Usman Basra, the leader of the gang that picked up Shahbaz, is still in custody. But it says something about the state of investigation/prosecution here that one of his leading accomplices, Farhaj Butt (if I’ve got the name correctly) has succeeded in getting bail and is now said to be in Dubai.

What do you then do in this climate? The intelligence agencies go after suspects and are then afraid of handing them over to the police for fear of similar outcomes. The National Action Plan was supposed to change all this. Brave things were said and braver things promised. The truth is more sobering. The army is on its own, fighting a lonely war. The civilians are not really interested. Their hearts are not in it. They are more into other things.

But let’s be thankful for small mercies. At least, we’ve pulled away from the precipice. It takes an effort to recall how things stood just a year and a half ago. We still had our planes and tanks and missiles. It was the same army, same colour of uniform, same marching style. But the TTP seemed to have the spirit and the initiative. The army commanded no respect and inspired no confidence.

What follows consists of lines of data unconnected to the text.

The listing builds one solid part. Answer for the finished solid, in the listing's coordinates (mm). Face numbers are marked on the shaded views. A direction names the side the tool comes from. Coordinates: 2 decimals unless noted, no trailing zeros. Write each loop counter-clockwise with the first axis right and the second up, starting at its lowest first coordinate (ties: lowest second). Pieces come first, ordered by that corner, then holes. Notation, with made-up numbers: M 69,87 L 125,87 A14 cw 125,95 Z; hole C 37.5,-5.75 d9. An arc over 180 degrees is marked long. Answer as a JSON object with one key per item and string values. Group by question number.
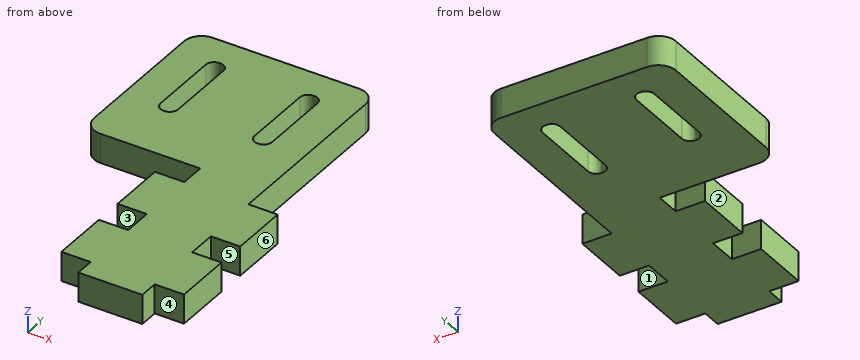
from build123d import *

# Parameters (mm, degrees)
BOSS_EXTRUDE1_DEPTH = 5


with BuildPart() as part:
    # Sketch1 → Boss-Extrude1 (new body)
    with BuildSketch(Plane.XY):
        with BuildLine():
            Line((-10.45, -25.774734933), (-10.45, -35.774734933))
            Line((-10.45, -35.774734933), (-5.45, -35.774734933))
            Line((-5.45, -35.774734933), (-5.45, -39.058458692))
            Line((-5.45, -39.058458692), (5.45, -39.058458692))
            Line((5.45, -39.058458692), (5.45, -35.774734933))
            Line((5.45, -35.774734933), (10.45, -35.774734933))
            Line((10.45, -35.774734933), (10.45, -25.774734933))
            Line((10.45, -25.774734933), (5.45, -25.774734933))
            Line((5.45, -25.774734933), (5.45, -20.774734933))
            Line((5.45, -20.774734933), (10.45, -20.774734933))
            Line((10.45, -20.774734933), (10.45, -10.774734933))
            Line((10.45, -10.774734933), (5.45, -10.774734933))
            Line((5.45, -10.774734933), (5.45, 20.465265067))
            ThreePointArc((5.45, 20.465265067), (4.571320344, 22.586585411), (2.45, 23.465265067))
            Line((2.45, 23.465265067), (-22.45, 23.465265067))
            ThreePointArc((-22.45, 23.465265067), (-24.571320344, 22.586585411), (-25.45, 20.465265067))
            Line((-25.45, 20.465265067), (-25.45, -3.534734933))
            ThreePointArc((-25.45, -3.534734933), (-24.571320344, -5.656055277), (-22.45, -6.534734933))
            Line((-22.45, -6.534734933), (-5.45, -6.534734933))
            Line((-5.45, -6.534734933), (-5.45, -10.774734933))
            Line((-5.45, -10.774734933), (-10.45, -10.774734933))
            Line((-10.45, -10.774734933), (-10.45, -20.774734933))
            Line((-10.45, -20.774734933), (-5.45, -20.774734933))
            Line((-5.45, -20.774734933), (-5.45, -25.774734933))
            Line((-5.45, -25.774734933), (-10.45, -25.774734933))
        make_face()
        with BuildLine():
            Line((-19.50201423, 16.965265067), (-19.50201423, 4.865265067))
            ThreePointArc((-19.50201423, 4.865265067), (-19.091963724, 3.875315573), (-18.10201423, 3.465265067))
            Line((-18.10201423, 3.465265067), (-17.90201423, 3.465265067))
            ThreePointArc((-17.90201423, 3.465265067), (-16.912064737, 3.875315573), (-16.50201423, 4.865265067))
            Line((-16.50201423, 4.865265067), (-16.50201423, 16.965265067))
            ThreePointArc((-16.50201423, 16.965265067), (-16.912064737, 17.955214561), (-17.90201423, 18.365265067))
            Line((-17.90201423, 18.365265067), (-18.10201423, 18.365265067))
            ThreePointArc((-18.10201423, 18.365265067), (-19.091963724, 17.955214561), (-19.50201423, 16.965265067))
        make_face(mode=Mode.SUBTRACT)
        with BuildLine():
            Line((-3.49798577, 16.965265067), (-3.49798577, 4.865265067))
            ThreePointArc((-3.49798577, 4.865265067), (-3.087935263, 3.875315573), (-2.09798577, 3.465265067))
            Line((-2.09798577, 3.465265067), (-1.89798577, 3.465265067))
            ThreePointArc((-1.89798577, 3.465265067), (-0.908036276, 3.875315573), (-0.49798577, 4.865265067))
            Line((-0.49798577, 4.865265067), (-0.49798577, 16.965265067))
            ThreePointArc((-0.49798577, 16.965265067), (-0.908036276, 17.955214561), (-1.89798577, 18.365265067))
            Line((-1.89798577, 18.365265067), (-2.09798577, 18.365265067))
            ThreePointArc((-2.09798577, 18.365265067), (-3.087935263, 17.955214561), (-3.49798577, 16.965265067))
        make_face(mode=Mode.SUBTRACT)
    extrude(amount=BOSS_EXTRUDE1_DEPTH)


solid = part.part
Item 1: A tool of negligible diameter and unlimited length cuts with its end or side. For the marked faces 1, 2 and 3, from which of +Z, -Z, +X, -X, +Y, -Y can it reach the whole face along a straight path? Write none if from no direction.
Item 2: A cutting plane is placed at D-D, the plane y = -7.5. Write down the section's boundary in (x, z), and give its area (3 significant figures).
Item 3: For a pull along Y with two mould halves and no side action, classify the marked faces 4, 5 and 6 as +Y half, -Y half, draft (parallel to the pull), parting line (faces both ways), or undercut.
Item 4: A cutting plane is placed at A-A, the plane x = -9. Write down the section's boundary in (y, z), and give its area (3 significant figures).
Item 5: A cutting plane is placed at B-B, the plane y = 11.5. Write down the section's boundary in (x, z).
Item 6: Flat-ended cylindrical pins translate along their axes: pin 1 Ø2.5 at (x, z) = (-7, 2) entering from -Y; pin 2 Ø1.5 at (y, z) = (-24, 2) entering from +X; pin 3 Ø1.5 at (y, z) = (15.5, 3.5) entering from +X. Find the tip coordinate at first contact, or state that the pin passes through.
Item 7: A cutting plane is placed at C-C, the plane z = 3.65. State how many separate pieces and enclosed holes the cut face has, and give its area (3 significant figures).
Item 8: Consider L1, parallel to Y at x = -6.5, z = 4.15; L2, parallel to X at y = 10.5, z = 0.95; L3, parallel to Y at x = 9, z = 1.5. Determine where each line is inside the solid, lowest interval first. Write a range as from..to.
Answer:
{
 "1": {"face 1": "+Z, -Z, +X", "face 2": "+Z, -Z, -X, -Y", "face 3": "+Z, -Z, -X"},
 "2": {"outline": "M -5.45,0 L 5.45,0 L 5.45,5 L -5.45,5 Z", "area": "54.5 mm2"},
 "3": {"face 4": "-Y half", "face 5": "undercut", "face 6": "draft"},
 "4": {"outline": "M -35.77,0 L -25.77,0 L -25.77,5 L -35.77,5 Z; M -20.77,0 L -10.77,0 L -10.77,5 L -20.77,5 Z; M -6.53,0 L 23.47,0 L 23.47,5 L -6.53,5 Z", "area": "250 mm2"},
 "5": {"outline": "M -25.45,0 L -19.5,0 L -19.5,5 L -25.45,5 Z; M -16.5,0 L -3.5,0 L -3.5,5 L -16.5,5 Z; M -0.5,0 L 5.45,0 L 5.45,5 L -0.5,5 Z"},
 "6": {"pin 1": "y = -35.77", "pin 2": "x = 5.45", "pin 3": "x = 5.45"},
 "7": {"separate pieces": "1", "enclosed holes": "2", "area": "1,390 mm2"},
 "8": {"L1": "-35.77..-25.77, -20.77..-10.77, -6.53..23.47", "L2": "-25.45..-19.5, -16.5..-3.5, -0.5..5.45", "L3": "-35.77..-25.77, -20.77..-10.77"}
}
For this review, take the finished solid that the model builds, in its own axes (mm). A direction names the side the tool comes from. Coordinates: 2 decimals unless noted, no trailing zeros. Order: outer loops, then holes, each group sorted by start corner. A loop starts at its lowest first (then second) coordinate and runs counter-clockwise, first axis right, second up. Notation, with made-up numbers: (80.25, 86.5) - (121.25, 86.5) arc R22 cw to (121.25, 105.5) - close; hole circle Ø4 at (57.5, 58). An arc over 180 degrees is marked (long way). One line per item, written item: value. Start each with the question number.
(1) Clearance check with flat-ended pins moving along their axes: pin 1 (12 mm diameter, centred on x = 6.5, z = 6, fed in from +Y); pin 2 (2.5 mm diameter, centred on x = -1, y = -2.5, fed in from +Z); pin 3 (6.5 mm diameter, centred on x = -0.5, y = -4, fed in from -Z). State where each tip first meets the part, or that it passes through.
(2) To check wall thickness, follow line 1 along X through (y, z) = (-49, -2.5); line 2 along Z through (x, y) = (5, -56); line 3 along Y through (x, z) = (0, 5). State the ranges of each line that lie inside material, in increasing order.
(3) Consider section A-A on y = 0. Write out the cut boundary in (x, z).
(4) Consider section C-C on z = 12. Write out the cut boundary in (x, y), then the cut area to 3 significant figures.
(5) For faces 4 (the flat face through (1, -4, 0)), 5 (the cylindrical face through (0.25, -24.53, 5.98)), 6 (the flat face through (0, -21, -1.119)), list the 3-axis set-ups (+Z, -Z, +X, -X, +Y, -Y) from which the entire face can be reached by the end or side of a thin tool; tool diameter is ignored.
(6) Mouldability with a two-part tool opening along X and no side actions: class faces 1 (the flat face through (0, -17, -7)), 2 (the flat face through (-0.1, -19.109, 8.6)), 3 (the cylindrical face through (0, 4, 3)) as released by +X, released by -X, zero draft, split by the parting line, or undercut.
(7) Consider section B-B on y = -26. Count the separate pieces of the cut face and the enclosed holes in it, then the cut area to 3 significant figures.
```python
from build123d import *

# Parameters (mm, degrees)
SKETCH2_R                = 4
SKETCH2_R_2              = 3
BOSS_EXTRUDE1_DEPTH      = 7
BOSS_EXTRUDE2_DEPTH      = 7
BOSS_EXTRUDE3_DEPTH      = 7
BOSS_EXTRUDE3_DEPTH_BACK = 14
SKETCH5_W                = 2.481427535
SKETCH5_H                = 11.249138159
SKETCH5_W_2              = 2.867427374
SKETCH5_W_3              = 2.922570208
CUT_EXTRUDE2_DEPTH       = 169
CUT_EXTRUDE2_DEPTH_BACK  = 169
SKETCH6_R                = 1
BOSS_EXTRUDE5_DEPTH      = 60


with BuildPart() as part:
    # Sketch2 → Boss-Extrude1 (new body)
    with BuildSketch(Plane.XY):
        Circle(SKETCH2_R)
        Circle(SKETCH2_R_2, mode=Mode.SUBTRACT)
    extrude(amount=BOSS_EXTRUDE1_DEPTH)

    # Sketch3 → Boss-Extrude2 (add)
    with BuildSketch(Plane.XY.offset(7)):
        Polygon((0, -3), (-1.5, -3), (-1.5, -13), (1.5, -13), (1.5, -3), align=None)
    extrude(amount=-BOSS_EXTRUDE2_DEPTH)

    # Sketch4 → Boss-Extrude3 (add, two sides)
    with BuildSketch(Plane.XY.offset(7)) as boss_extrude3_sk:
        with BuildLine():
            Line((1.5, -13), (11.531332628, -13))
            ThreePointArc((11.531332628, -13), (0, -24.531332628), (-11.531332628, -13))
            Line((-11.531332628, -13), (-1.5, -13))
            Line((-1.5, -13), (1.5, -13))
        make_face()
    extrude(amount=BOSS_EXTRUDE3_DEPTH)
    extrude(boss_extrude3_sk.sketch, amount=-BOSS_EXTRUDE3_DEPTH_BACK)

    # Sketch5 → Cut-Extrude2 (cut, two sides)
    with BuildSketch(Plane(origin=(1.5, 0, 0), x_dir=(0, 0, -1), z_dir=(1, 0, 0))) as cut_extrude2_sk:
        with Locations((-9.661011409, -24.733382447)):
            Rectangle(SKETCH5_W, SKETCH5_H)
        with Locations((-3.84344241, -24.733382447)):
            Rectangle(SKETCH5_W_2, SKETCH5_H)
        with Locations((2.580697764, -24.733382447)):
            Rectangle(SKETCH5_W_3, SKETCH5_H)
    extrude(amount=CUT_EXTRUDE2_DEPTH, mode=Mode.SUBTRACT)
    extrude(cut_extrude2_sk.sketch, amount=-CUT_EXTRUDE2_DEPTH_BACK, mode=Mode.SUBTRACT)

    # Sketch6 → Boss-Extrude5 (add)
    with BuildSketch(Plane.XZ.offset(19.108813367)):
        with Locations((-5.486205248, 9.734324146)):
            Circle(SKETCH6_R)
        with Locations((-0.486205248, 9.734324146)):
            Circle(SKETCH6_R)
        with Locations((4.513794752, 9.734324146)):
            Circle(SKETCH6_R)
        with Locations((-0.486205248, 3.634324146)):
            Circle(SKETCH6_R)
        with Locations((4.513794752, 3.634324146)):
            Circle(SKETCH6_R)
        with Locations((-0.486205248, -2.465675854)):
            Circle(SKETCH6_R)
        with Locations((4.513794752, -2.465675854)):
            Circle(SKETCH6_R)
        with Locations((-5.486205248, 3.634324146)):
            Circle(SKETCH6_R)
        with Locations((-5.486205248, -2.465675854)):
            Circle(SKETCH6_R)
    extrude(amount=BOSS_EXTRUDE5_DEPTH)


solid = part.part
```
Geometry check:
1. pin 1: stops at y = 3.97
1. pin 2: stops at z = 7
1. pin 3: stops at z = 0
2. line 1: x = -6.49 to -4.49, -1.49 to 0.51, 3.51 to 5.51
2. line 2: z = -3.34 to -1.59, 2.76 to 4.51, 8.86 to 10.61
2. line 3: y = -19.11 to -3, 3 to 4
3. outline: (-4, 0) - (-3, 0) - (-3, 7) - (-4, 7) - close; (3, 0) - (4, 0) - (4, 7) - (3, 7) - close
4. outline: (-11.53, -13) arc R11.53 ccw to (11.53, -13) - close
4. area: 209 mm^2
5. face 4: -Z, +X, -X, +Y
5. face 5: -Y
5. face 6: +X, -X, -Y
6. face 1: zero draft
6. face 2: undercut
6. face 3: split by the parting line
7. separate pieces: 9
7. enclosed holes: 0
7. area: 28.3 mm^2
```python
from build123d import *

# Parameters (mm, degrees)
SKETCH1_W           = 1828.8
SKETCH1_H           = 863.6
BOSS_EXTRUDE1_DEPTH = 50.8
SKETCH2_W           = 1676.4
SKETCH2_H           = 711.2
SKETCH2_W_2         = 1600.2
SKETCH2_H_2         = 635
BOSS_EXTRUDE2_DEPTH = 50.8
SKETCH3_W           = 38.1
SKETCH3_H           = 38.1
BOSS_EXTRUDE3_DEPTH = 660.4
BOSS_EXTRUDE4_REACH = 1907.72
SKETCH4_W           = 38.1
SKETCH4_H           = 38.1
BOSS_EXTRUDE5_REACH = 1381.632
SKETCH5_W           = 38.1
SKETCH5_H           = 38.1


with BuildPart() as part:
    # Sketch1 → Boss-Extrude1 (new body)
    with BuildSketch(Plane(origin=(0, 0, 0), x_dir=(1, 0, 0), z_dir=(0, 1, 0))):
        Rectangle(SKETCH1_W, SKETCH1_H)
    extrude(amount=BOSS_EXTRUDE1_DEPTH)

    # Sketch2 → Boss-Extrude2 (add)
    with BuildSketch(Plane.XZ):
        Rectangle(SKETCH2_W, SKETCH2_H)
        Rectangle(SKETCH2_W_2, SKETCH2_H_2, mode=Mode.SUBTRACT)
    extrude(amount=BOSS_EXTRUDE2_DEPTH)

    # Sketch3 → Boss-Extrude3 (add)
    with BuildSketch(Plane.XZ.offset(50.8)):
        with Locations((-819.15, 336.55)):
            Rectangle(SKETCH3_W, SKETCH3_H)
        with Locations((819.15, 336.55)):
            Rectangle(SKETCH3_W, SKETCH3_H)
        with Locations((819.15, -336.55)):
            Rectangle(SKETCH3_W, SKETCH3_H)
        with Locations((-819.15, -336.55)):
            Rectangle(SKETCH3_W, SKETCH3_H)
    extrude(amount=BOSS_EXTRUDE3_DEPTH)

    # Sketch4 → Boss-Extrude4 (add, up to next)
    with BuildSketch(Plane(origin=(-800.1, 0, 0), x_dir=(0, 0, -1), z_dir=(1, 0, 0)), mode=Mode.PRIVATE) as boss_extrude4_sk1:
        with Locations((-336.55, -692.15)):
            Rectangle(SKETCH4_W, SKETCH4_H)
    boss_extrude4_tool1 = extrude(boss_extrude4_sk1.sketch, amount=BOSS_EXTRUDE4_REACH, mode=Mode.PRIVATE) - part.part
    # Sketch4 → Boss-Extrude4 (add, up to next)
    with BuildSketch(Plane(origin=(-800.1, 0, 0), x_dir=(0, 0, -1), z_dir=(1, 0, 0)), mode=Mode.PRIVATE) as boss_extrude4_sk2:
        with Locations((336.55, -692.15)):
            Rectangle(SKETCH4_W, SKETCH4_H)
    boss_extrude4_tool2 = extrude(boss_extrude4_sk2.sketch, amount=BOSS_EXTRUDE4_REACH, mode=Mode.PRIVATE) - part.part
    add(boss_extrude4_tool1.solids().sort_by_distance((-800.1, -692.15, 336.55))[0])
    add(boss_extrude4_tool2.solids().sort_by_distance((-800.1, -692.15, -336.55))[0])

    # Sketch5 → Boss-Extrude5 (add, up to next)
    with BuildSketch(Plane.XY.offset(-317.5), mode=Mode.PRIVATE) as boss_extrude5_sk1:
        with Locations((-819.15, -692.15)):
            Rectangle(SKETCH5_W, SKETCH5_H)
    boss_extrude5_tool1 = extrude(boss_extrude5_sk1.sketch, amount=BOSS_EXTRUDE5_REACH, mode=Mode.PRIVATE) - part.part
    # Sketch5 → Boss-Extrude5 (add, up to next)
    with BuildSketch(Plane.XY.offset(-317.5), mode=Mode.PRIVATE) as boss_extrude5_sk2:
        with Locations((819.15, -692.15)):
            Rectangle(SKETCH5_W, SKETCH5_H)
    boss_extrude5_tool2 = extrude(boss_extrude5_sk2.sketch, amount=BOSS_EXTRUDE5_REACH, mode=Mode.PRIVATE) - part.part
    add(boss_extrude5_tool1.solids().sort_by_distance((-819.15, -692.15, -317.5))[0])
    add(boss_extrude5_tool2.solids().sort_by_distance((819.15, -692.15, -317.5))[0])


solid = part.part
```
For this review, take the finished solid that the model builds, in its own axes (mm). A direction names the side the tool comes from. Round coordinates to 2 decimals unless told otherwise and drop trailing zeros. Write each loop counter-clockwise with the first axis right and the second up, starting at its lowest first coordinate (ties: lowest second). Pieces come first, ordered by that corner, then holes. Notation, with made-up numbers: (-3.75, 82.25) -> (50.25, 82.25) arc R23 ccw to (50.25, 119.25) -> close; hole circle Ø8 at (-10, 12). An arc over 180 degrees is marked (long way). One line per question, with ' | ' between items. Start each with the question number.
(1) Add section A-A, the plane x = 697.5. Write out the cut boundary in (y, z), plus the area to 3 significant figures.
(2) For line 1 along Z through (x, y) = (-564, -45); line 2 along X through (y, z) = (-545, 340.5); line 3 along Y through (x, z) = (-371, 30.5), list the stretches that pass through material, from the lowest coordinate up. Write a range as from..to.
(3) Mouldability with a two-part tool opening along Z and no side actions: class faces 1 (the face through (-4, -711.2, -318)), 2 (the face through (-11, -25, 317.5)), 3 (the face through (-13, 25, -431.8)) as released by +Z, released by -Z, zero draft, split by the parting line, or undercut.
(4) Tool access review of faces 4 (the face through (838.2, -357, -318)), 5 (the face through (-800.1, -358, -337)), 6 (the face through (-819, -366, -317.5)), 7 (the face through (-72, 0, 382)): name each direction out of +Z, -Z, +X, -X, +Y, -Y from which nothing blocks a thin tool from reaching the whole face with its end or side.
(5) Add section B-B, the plane z = -39. Write out the cut boundary in (x, y).
(6) Add section C-C, the plane y = -106.5. Write out the cut boundary in (x, z), plus the area to 3 significant figures.
(7) Insertion check: P1, Ø11.5, axis at y = -387.5, z = -338, coming from the -X side; P2, Ø19, axis at x = 45, y = -688, coming from the +Z side; P3, Ø8, axis at x = 374.5, z = -216.5, coming from the -Y side. Each pin has a flat end and moves straight along its axis. Give the tip position at first contact, or say it passes through.
Answer list:
1) outline: (-711.2, -355.6) -> (-673.1, -355.6) -> (-673.1, -317.5) -> (-711.2, -317.5) -> close; (-711.2, 317.5) -> (-673.1, 317.5) -> (-673.1, 355.6) -> (-711.2, 355.6) -> close; (-50.8, -355.6) -> (0, -355.6) -> (0, -431.8) -> (50.8, -431.8) -> (50.8, 431.8) -> (0, 431.8) -> (0, 355.6) -> (-50.8, 355.6) -> (-50.8, 317.5) -> (0, 317.5) -> (0, -317.5) -> (-50.8, -317.5) -> close | area: 50,600 mm²
2) line 1: -355.6..-317.5, 317.5..355.6 | line 2: -838.2..-800.1, 800.1..838.2 | line 3: 0..50.8
3) face 1: zero draft | face 2: undercut | face 3: released by -Z
4) face 4: +Z, -Z, +X, -Y | face 5: +Z, -Z | face 6: +X, -X | face 7: -Y
5) outline: (-914.4, 0) -> (-838.2, 0) -> (-838.2, -50.8) -> (-800.1, -50.8) -> (-800.1, 0) -> (800.1, 0) -> (800.1, -50.8) -> (838.2, -50.8) -> (838.2, 0) -> (914.4, 0) -> (914.4, 50.8) -> (-914.4, 50.8) -> close; (-838.2, -711.2) -> (-800.1, -711.2) -> (-800.1, -673.1) -> (-838.2, -673.1) -> close; (800.1, -711.2) -> (838.2, -711.2) -> (838.2, -673.1) -> (800.1, -673.1) -> close
6) outline: (-838.2, -355.6) -> (-800.1, -355.6) -> (-800.1, -317.5) -> (-838.2, -317.5) -> close; (-838.2, 317.5) -> (-800.1, 317.5) -> (-800.1, 355.6) -> (-838.2, 355.6) -> close; (800.1, -355.6) -> (838.2, -355.6) -> (838.2, -317.5) -> (800.1, -317.5) -> close; (800.1, 317.5) -> (838.2, 317.5) -> (838.2, 355.6) -> (800.1, 355.6) -> close | area: 5,810 mm²
7) P1: x = -838.2 | P2: z = 355.6 | P3: y = 0

A year and a half’s hard-fought battles have changed this entire picture. No-go areas such as Darpa Khel have been penetrated and Uzbeks and other warriors have been forced to flee. Fata and Karachi were standing rebukes to the notion of Pakistani sovereignty. That slide has been checked.

I wish though the ISPR had not said some kind of a James Bond operation freed Shahbaz. When something good happens, the bare facts are often more eloquent than any make-believe.